## Exercise details
For each entry, output its words exactly and leave any picture behind.

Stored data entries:

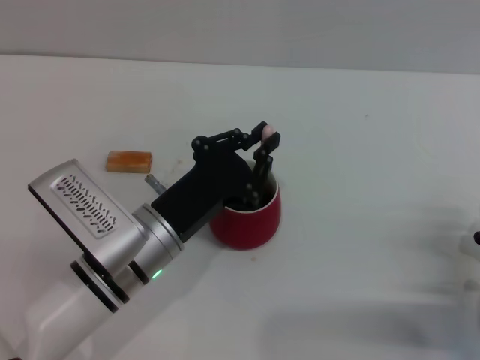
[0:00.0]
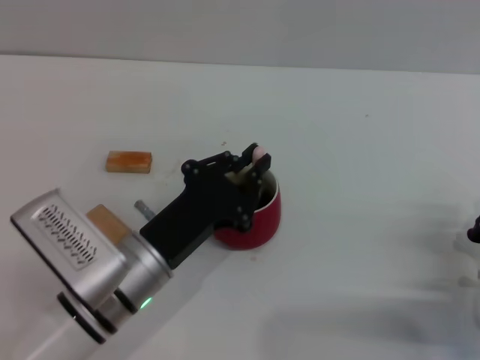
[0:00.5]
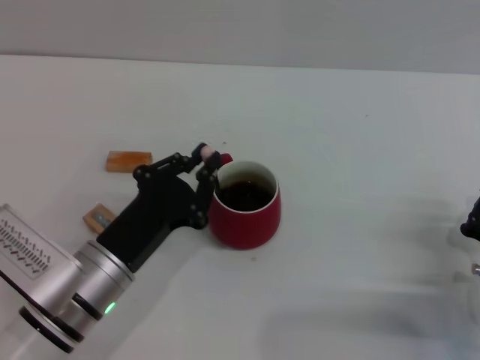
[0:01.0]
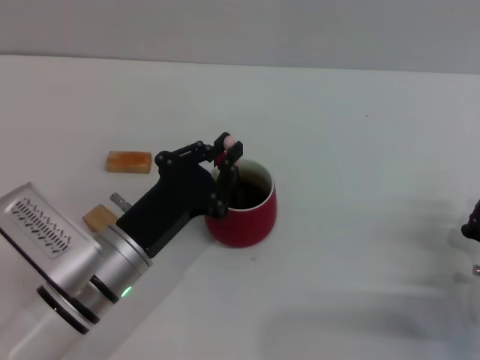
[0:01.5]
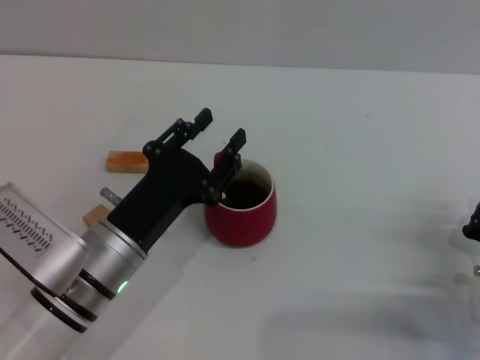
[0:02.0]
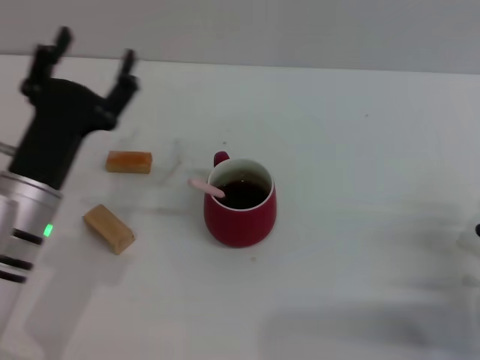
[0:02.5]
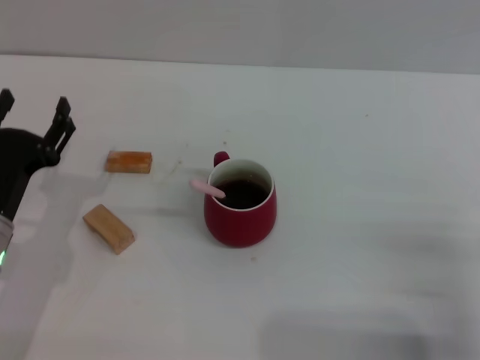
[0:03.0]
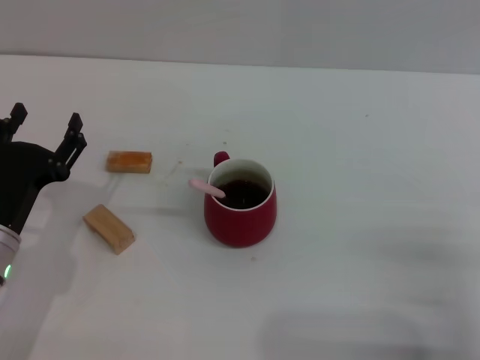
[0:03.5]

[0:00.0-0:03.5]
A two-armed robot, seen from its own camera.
Task of the whole recording: Move the red cup to the center, lift the pink spoon, stir it three times in the cup, and put the spoon into the cup.
Step, 0:00.0 to 0:02.0: Stir the coffee in the cup with the left gripper.
0:00.0 to 0:02.0: The grippers move only a little.
0:02.0 to 0:03.5: The left gripper travels to the left by roughly 10 cm, and opens its fingers.
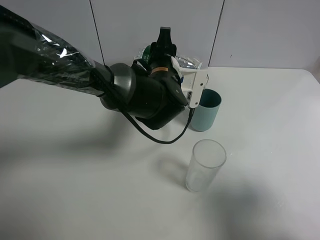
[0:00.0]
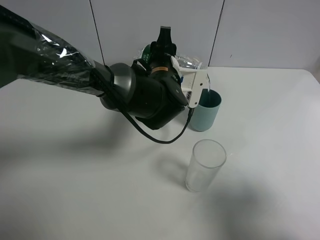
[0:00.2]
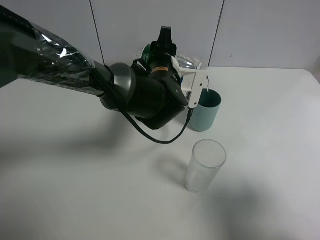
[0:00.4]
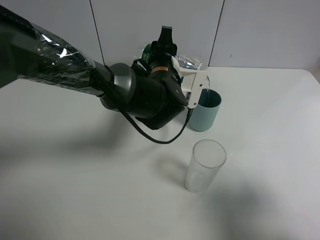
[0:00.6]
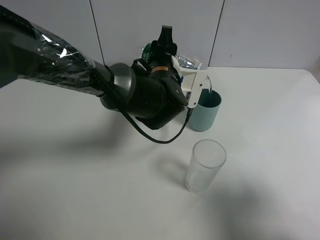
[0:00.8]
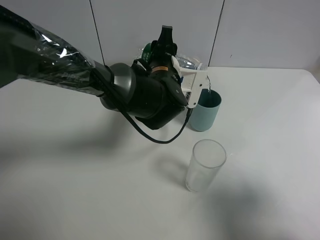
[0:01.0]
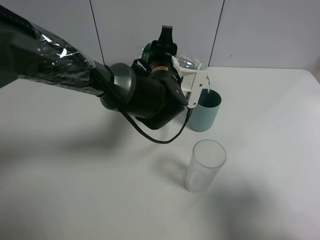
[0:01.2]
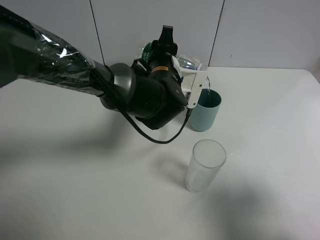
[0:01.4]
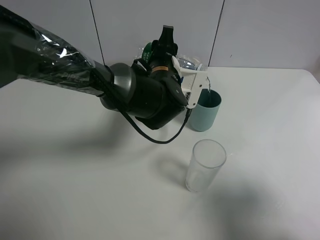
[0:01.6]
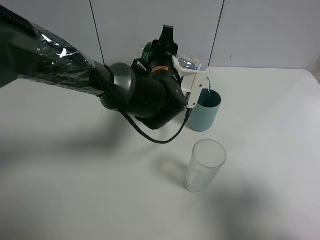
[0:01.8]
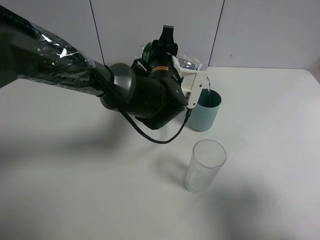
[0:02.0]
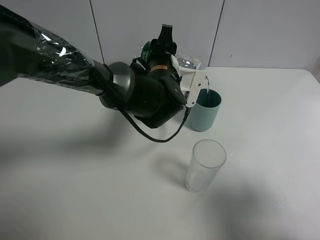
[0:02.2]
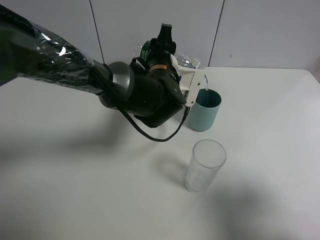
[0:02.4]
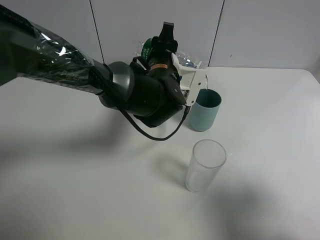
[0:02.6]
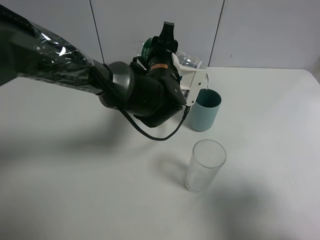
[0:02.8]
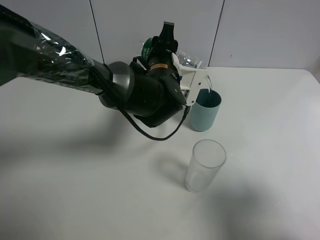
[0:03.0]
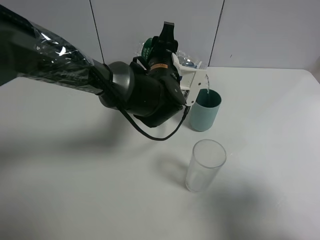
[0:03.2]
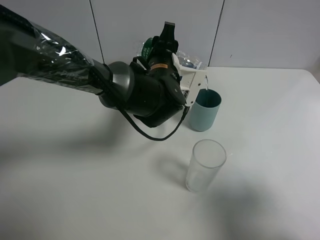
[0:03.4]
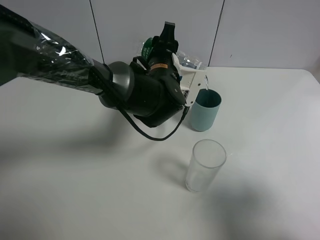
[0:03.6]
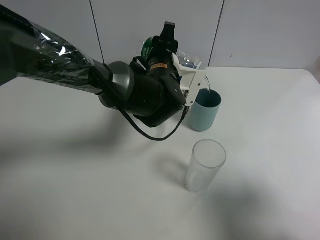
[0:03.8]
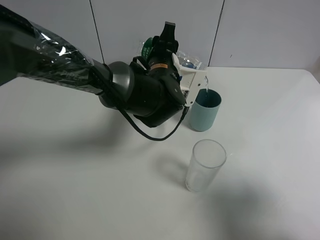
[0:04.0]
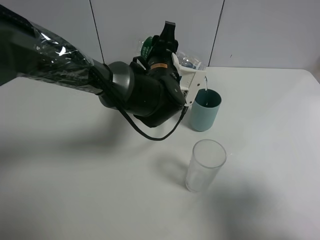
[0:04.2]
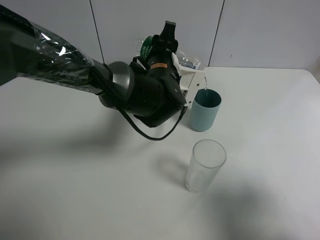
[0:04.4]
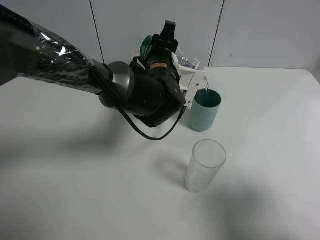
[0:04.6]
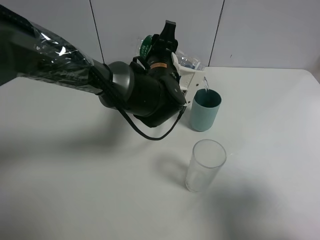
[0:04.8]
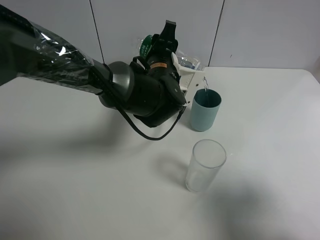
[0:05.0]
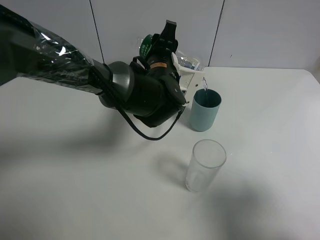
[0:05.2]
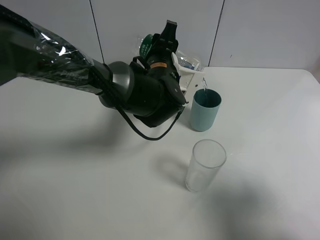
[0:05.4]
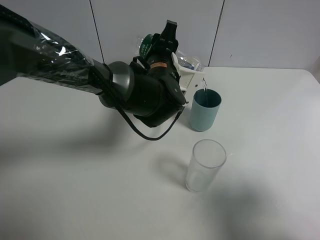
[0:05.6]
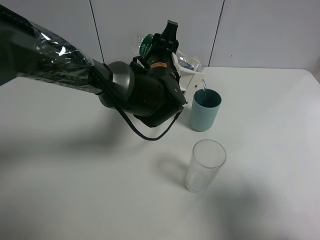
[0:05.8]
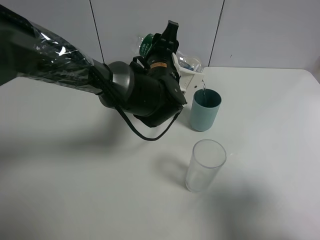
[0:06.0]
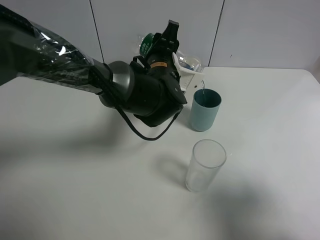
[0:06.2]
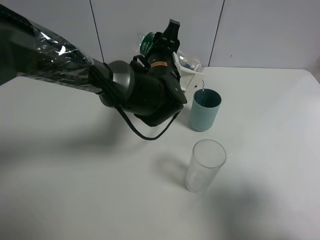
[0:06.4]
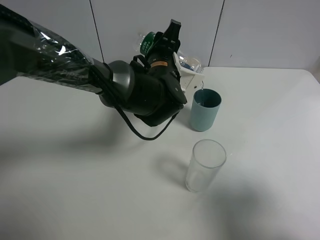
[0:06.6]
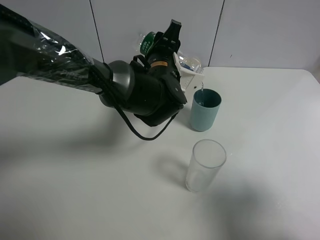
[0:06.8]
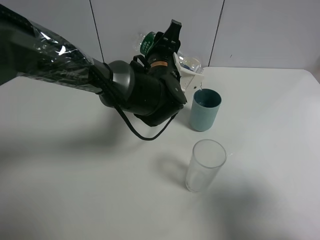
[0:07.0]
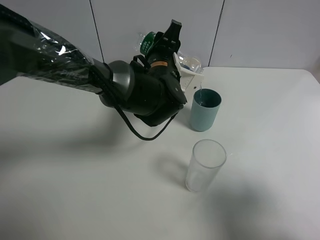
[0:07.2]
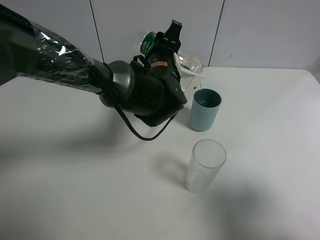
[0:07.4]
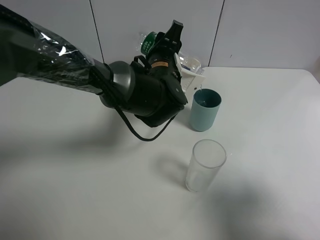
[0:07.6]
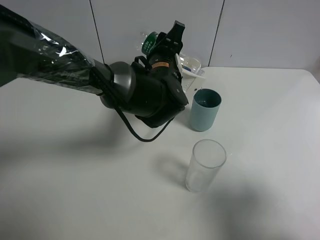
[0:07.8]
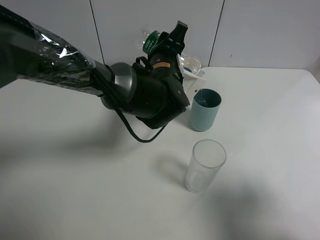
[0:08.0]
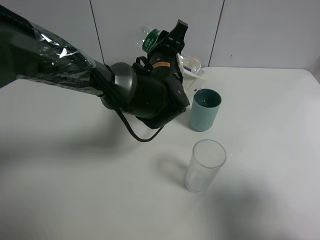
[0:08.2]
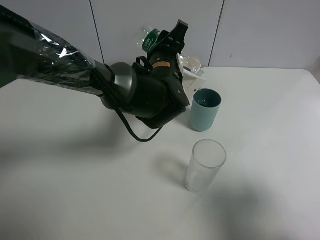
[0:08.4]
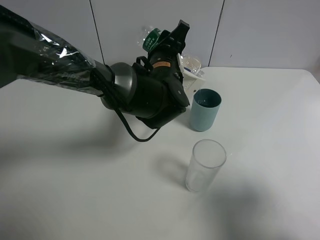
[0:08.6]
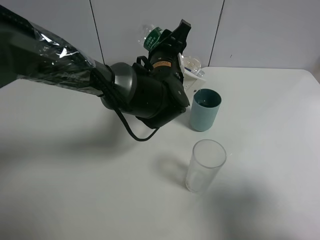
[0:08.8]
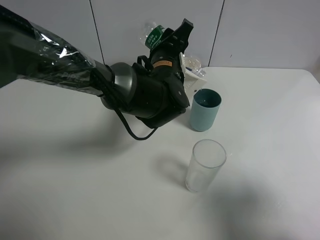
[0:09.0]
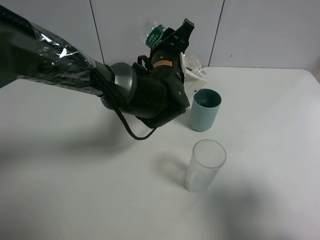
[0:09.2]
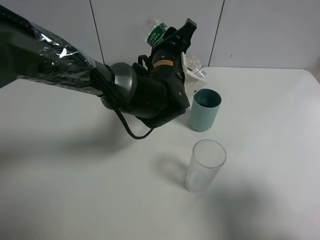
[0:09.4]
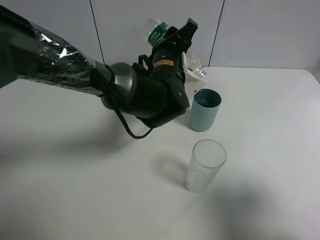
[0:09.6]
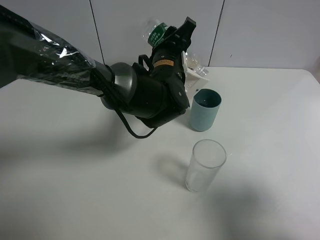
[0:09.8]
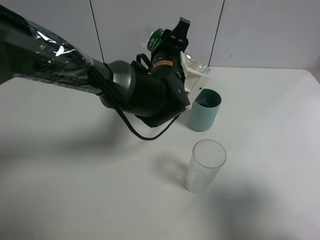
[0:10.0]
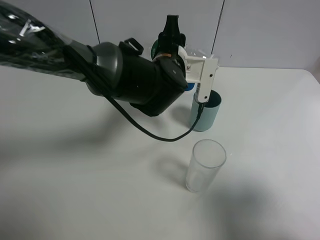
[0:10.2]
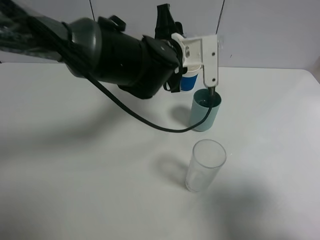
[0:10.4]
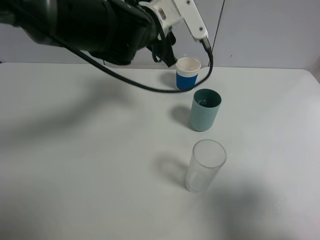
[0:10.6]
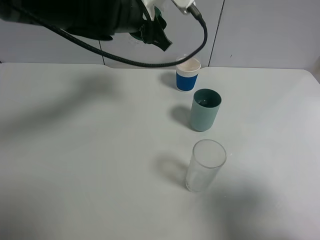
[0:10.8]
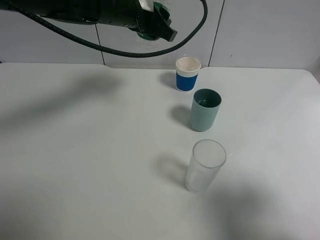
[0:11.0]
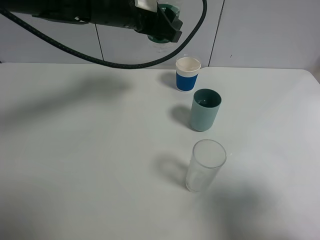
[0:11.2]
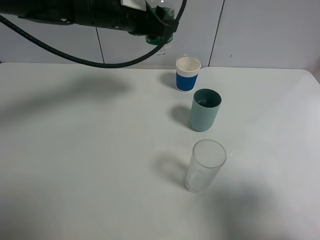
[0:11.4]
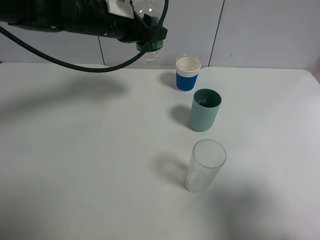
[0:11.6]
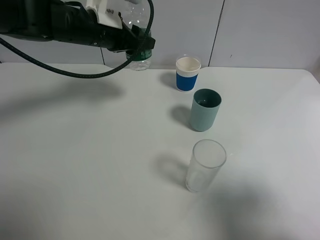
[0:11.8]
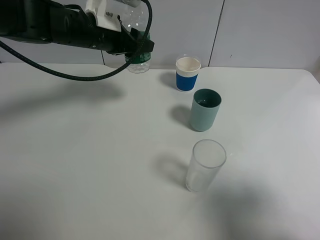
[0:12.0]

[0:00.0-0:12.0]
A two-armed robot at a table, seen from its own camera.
Task of the whole recording: use a gripper to hold the bottle of the drink and pour it into a random cup.
Step, 0:00.0 to 0:10.2: Pour the mineral water into the glass with the left gripper.
0:00.0 to 0:01.6: The two grippers keep their place.
0:01.6 to 0:03.0: The two grippers keep their place.
0:03.0 to 0:04.4: The two grippers keep their place.
0:04.4 to 0:06.0: The grippers make only small movements.
0:06.0 to 0:07.6: The two grippers keep their place.
0:07.6 to 0:09.0: The grippers stay close to where they were, moving slightly.
0:10.4 to 0:12.0: The left gripper shifts about 15 cm to the left.

## Answer box
[0:00.0]
[0:00.5]
[0:01.0]
[0:01.5]
[0:02.0]
[0:02.5]
[0:03.0]
[0:03.5]

[0:00.0-0:03.5]
A two-armed robot, seen from its own camera.
Task of the whole recording: Move the red cup to the center, lift the pink spoon, stir it three times in the cup, and put the spoon into the cup.
Step, 0:00.0 to 0:02.0: Stir the coffee in the cup with the left gripper.
0:00.0 to 0:02.0: The grippers move only a little.
0:02.0 to 0:03.5: The left gripper travels to the left by roughly 10 cm, and opens its fingers.
[0:00.0]
[0:00.2]
[0:00.4]
[0:00.6]
[0:00.8]
[0:01.0]
[0:01.2]
[0:01.4]
[0:01.6]
[0:01.8]
[0:02.0]
[0:02.2]
[0:02.4]
[0:02.6]
[0:02.8]
[0:03.0]
[0:03.2]
[0:03.4]
[0:03.6]
[0:03.8]
[0:04.0]
[0:04.2]
[0:04.4]
[0:04.6]
[0:04.8]
[0:05.0]
[0:05.2]
[0:05.4]
[0:05.6]
[0:05.8]
[0:06.0]
[0:06.2]
[0:06.4]
[0:06.6]
[0:06.8]
[0:07.0]
[0:07.2]
[0:07.4]
[0:07.6]
[0:07.8]
[0:08.0]
[0:08.2]
[0:08.4]
[0:08.6]
[0:08.8]
[0:09.0]
[0:09.2]
[0:09.4]
[0:09.6]
[0:09.8]
[0:10.0]
[0:10.2]
[0:10.4]
[0:10.6]
[0:10.8]
[0:11.0]
[0:11.2]
[0:11.4]
[0:11.6]
[0:11.8]
[0:12.0]

[0:00.0-0:12.0]
A two-armed robot at a table, seen from its own camera.
Task of the whole recording: use a gripper to hold the bottle of the drink and pour it into a random cup.
Step, 0:00.0 to 0:10.2: Pour the mineral water into the glass with the left gripper.
0:00.0 to 0:01.6: The two grippers keep their place.
0:01.6 to 0:03.0: The two grippers keep their place.
0:03.0 to 0:04.4: The two grippers keep their place.
0:04.4 to 0:06.0: The grippers make only small movements.
0:06.0 to 0:07.6: The two grippers keep their place.
0:07.6 to 0:09.0: The grippers stay close to where they were, moving slightly.
0:10.4 to 0:12.0: The left gripper shifts about 15 cm to the left.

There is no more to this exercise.